This program uses the following configuration files
./roundtrip-config/blacklist.txt
is a list of files known to cause a segfault,
which are normally ones generated, particularly by alex
and happy
.
,.roundtrip-config/knownfailures.txt
is a list of files that fail
to roundtrip, but cannot be fixed. Examples of these are ones that
use CPP to #define
a constant which is used in the code. Because
of the way ghc-exactprint
manages CPP, this results in both the
defined name and its value to appear in the output.
It generates the following state files and output
./roundtrip-work/cpp.txt
- Keeps track of files that fail to parse
because of having CPP in them.
./roundtrip-work/pfail.txt
- Keeps track of files that fail to
parse for any other reason.
./roundtrip-work/failed.txt
- A list of files that parsed properly
but could not be reproduced.
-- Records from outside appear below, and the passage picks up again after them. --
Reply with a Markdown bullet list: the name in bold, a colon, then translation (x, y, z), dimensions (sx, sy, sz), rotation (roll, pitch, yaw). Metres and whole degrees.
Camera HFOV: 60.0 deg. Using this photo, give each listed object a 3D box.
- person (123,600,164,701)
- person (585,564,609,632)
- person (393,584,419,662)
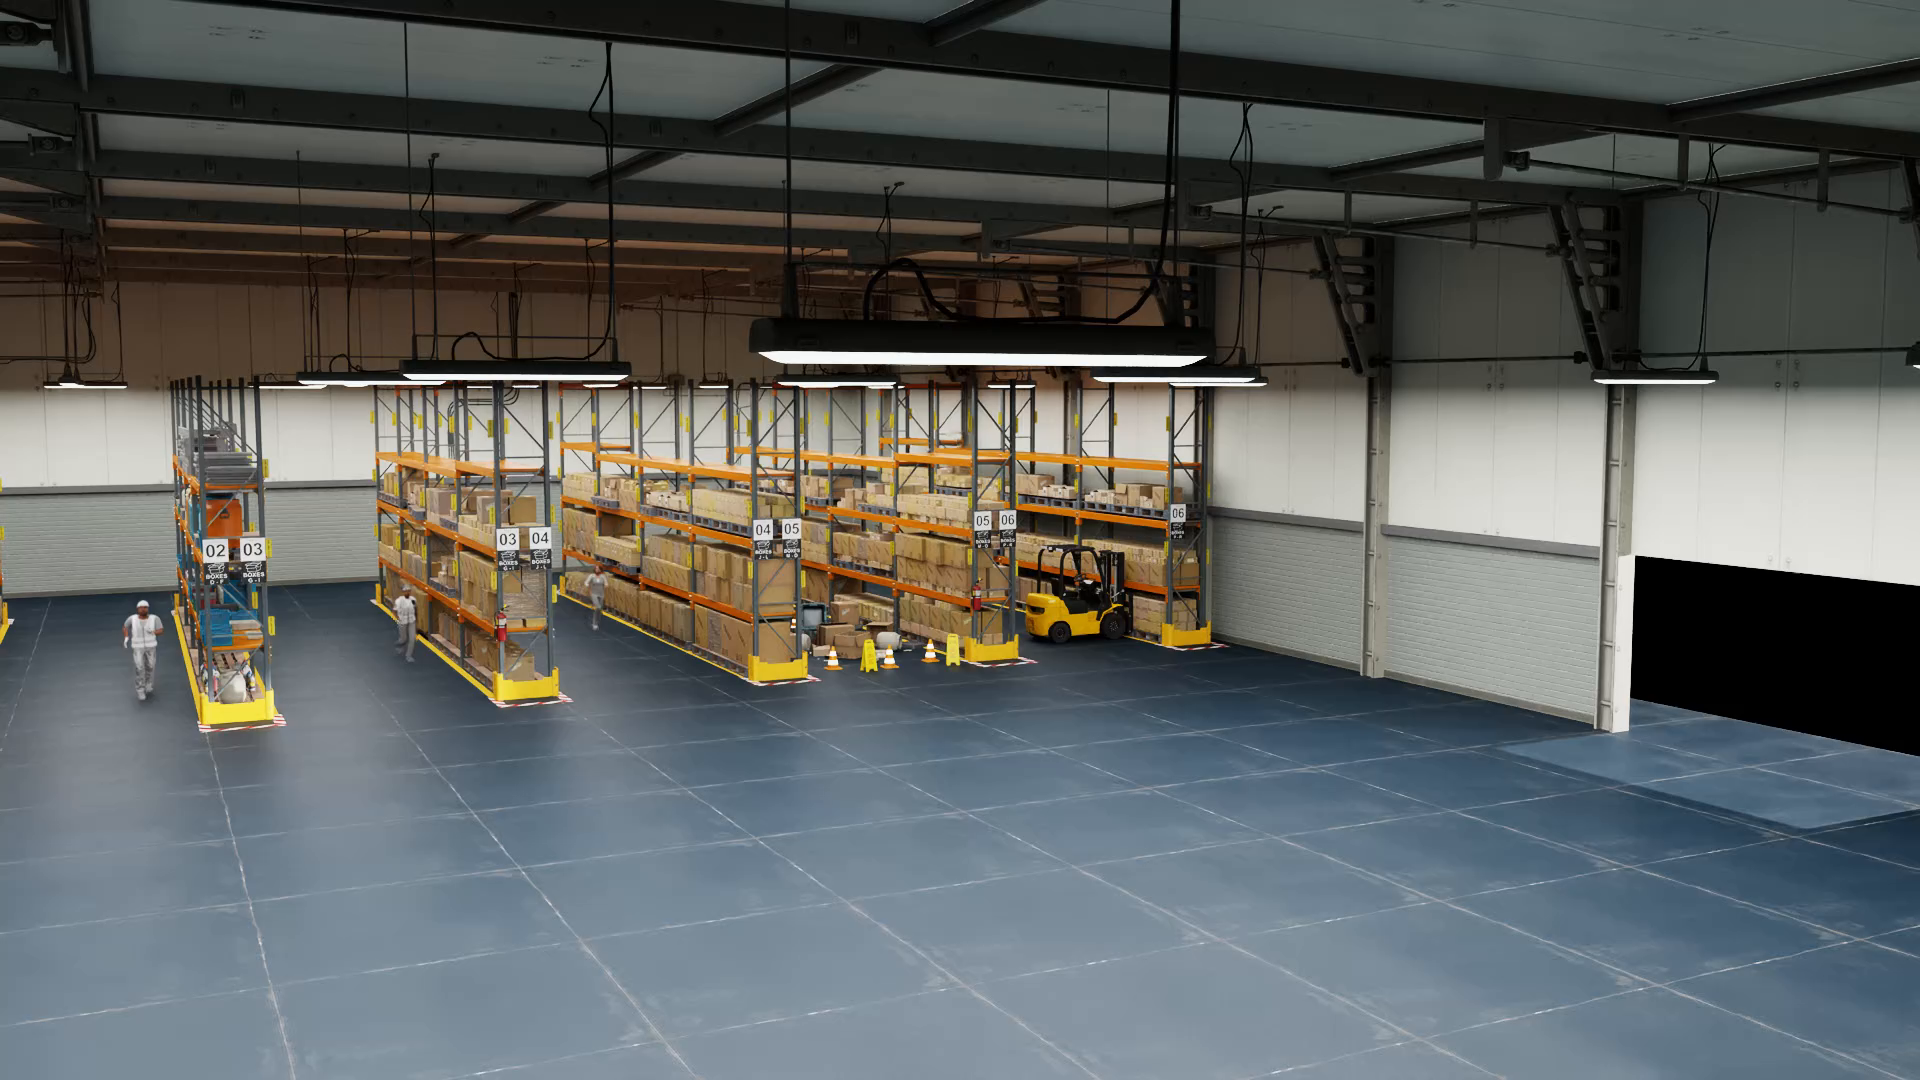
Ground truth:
- **person**: translation (-15.328, 2.048, 31.244), dimensions (0.666, 1.840, 0.810), rotation (-3, 6, -31)
- **person**: translation (-8.691, 1.389, 39.933), dimensions (0.507, 1.625, 0.684), rotation (-3, 6, -31)
- **person**: translation (-11.836, 1.755, 35.530), dimensions (0.561, 1.653, 0.681), rotation (-4, 6, -36)

It is used to re-run failures once the
code is updated to fix the problem.
./roundtrip-work/processed.txt
- Keeps track of files that have
already been processed, whether they pass or fail.
./roundtrip-work/roundtrip.log
- A log of files as they are
processed. This is written and flushed immediately prior to
attempting to process the file.
./roundtrip-work/failures
- A directory containing an entry for
each processed file which failed, giving the ghc-exactprint output
and annotated parse tree.
`cabal exec static`
Executable that can build a static web site to view the failures.
Cleaning up msdos file endings:
cd roundtrip-work
find . -iname "*.hs" | grep -v "'" | xargs fromdos -b -d